SESSION

Building Data Product Based on Apache Spark at Airbnb

Slides PDF Video

Building data product requires having Lambda Architecture to bridge the batch and streaming processing. AirStream is a framework built on top of Apache Spark to allow users to easily build data products at Airbnb. It proved Spark is impactful and useful in the production for mission-critical data products.

On the streaming side, hear how AirStream integrates multiple ecosystems with Spark Streaming, such as HBase, Elasticsearch, MySQL, DynamoDB, Memcache and Redis. On the batch side, learn how to apply the same computation logic in Spark over large data sets from Hive and S3. The speakers will also go through a few production use cases, and share several best practices on how to manage Spark jobs in production.

Session hashtag: #SFeco5

Jingwei Lu, Member of the Data Infrastructure Team at Airbnb

About Jingwei

Jingwei Lu is currently a member of the Data Infrastructure team at Airbnb. He was previously a tech-leader in Facebook data infrastucture team in charge of Bumblebee project (hive/hadoop replacement) query processing and language. Prior to Facebook he redesigned SCOPE(Microsoft equivalent of hive) runtime in Microsoft. Spent 10 years in Microsoft SQL Server engine team building commercial relational database engine.

Liyin Tang, Software Engineer at Airbnb

About Liyin

Liyin Tang is a software engineering on the Data Infrastructure team at Airbnb. Before Airbnb, he worked at Facebook and Dropbox.

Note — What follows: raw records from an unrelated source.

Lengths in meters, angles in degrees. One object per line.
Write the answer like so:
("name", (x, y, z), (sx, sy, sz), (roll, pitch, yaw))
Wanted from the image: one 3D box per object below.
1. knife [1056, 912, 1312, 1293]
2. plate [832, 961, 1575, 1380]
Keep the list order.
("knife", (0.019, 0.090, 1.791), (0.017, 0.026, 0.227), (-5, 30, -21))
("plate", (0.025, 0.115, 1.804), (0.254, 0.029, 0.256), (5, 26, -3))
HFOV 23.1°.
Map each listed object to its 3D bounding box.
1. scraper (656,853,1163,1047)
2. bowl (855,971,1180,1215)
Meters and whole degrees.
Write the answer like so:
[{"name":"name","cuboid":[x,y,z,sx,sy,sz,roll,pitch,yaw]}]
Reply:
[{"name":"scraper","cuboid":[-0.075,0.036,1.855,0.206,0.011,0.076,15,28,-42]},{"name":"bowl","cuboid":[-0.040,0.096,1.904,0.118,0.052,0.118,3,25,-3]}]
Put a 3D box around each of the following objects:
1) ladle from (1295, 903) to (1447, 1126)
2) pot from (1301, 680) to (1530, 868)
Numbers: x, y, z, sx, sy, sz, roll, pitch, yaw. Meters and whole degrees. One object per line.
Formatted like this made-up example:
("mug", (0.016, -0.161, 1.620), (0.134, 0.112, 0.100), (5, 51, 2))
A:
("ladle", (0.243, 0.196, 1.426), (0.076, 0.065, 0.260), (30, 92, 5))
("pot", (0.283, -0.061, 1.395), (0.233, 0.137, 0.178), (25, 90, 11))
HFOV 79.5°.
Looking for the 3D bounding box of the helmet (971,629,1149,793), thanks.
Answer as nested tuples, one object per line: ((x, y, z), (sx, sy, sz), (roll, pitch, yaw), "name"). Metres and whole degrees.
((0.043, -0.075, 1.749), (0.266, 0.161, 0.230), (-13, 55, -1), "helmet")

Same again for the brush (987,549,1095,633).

He focuses on building high available and reliable storage services and helping the services scale in the face of exponential data growth.

Mr Tang joined HBase PMC in 2013 and also contributed to other Apache projects including HDFS and Hive. Recently, he is building a streaming infrastructure to power realtime data products at Aribnb.

He holds a master’s degree in computer science from University of Southern California.